Mindestens ein Todesopfer bei Absturz von DHL-Frachtflugzeug in Litauen


Mindestens ein Todesopfer bei Absturz von DHL-Frachtflugzeug in Litauen
Mindestens ein Todesopfer bei Absturz von DHL-Frachtflugzeug in Litauen / Foto: © AFP

Beim Absturz eines Frachtflugzeugs des deutschen Paketdienstleisters DHL in Litauen ist mindestens ein Mensch ums Leben gekommen. Nach Angaben von DHL stürzte die aus Leipzig kommende Maschine am frühen Montagmorgen bei einer Notlandung rund einen Kilometer vor dem Flughafen der Hauptstadt Vilnius ab.

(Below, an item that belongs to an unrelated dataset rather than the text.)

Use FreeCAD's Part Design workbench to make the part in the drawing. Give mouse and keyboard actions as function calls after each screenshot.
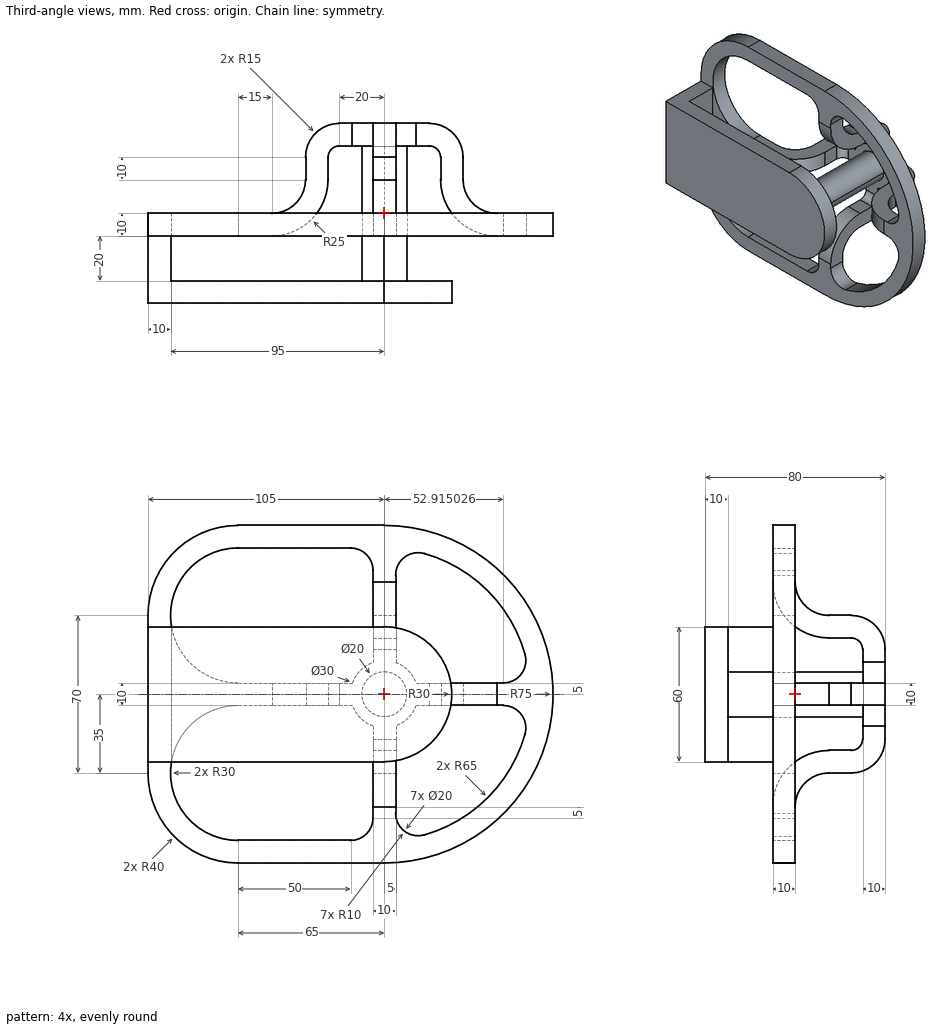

Die litauischen Behörden schlossen einen terroristischen Hintergrund nicht aus. Vor einem Monat hatte der deutsche Verfassungsschutz berichtet, dass Deutschland bei einem womöglich von Russland initiierten Brand eines Luftfrachtpakets nur knapp einem Flugzeugabsturz entgangen sei.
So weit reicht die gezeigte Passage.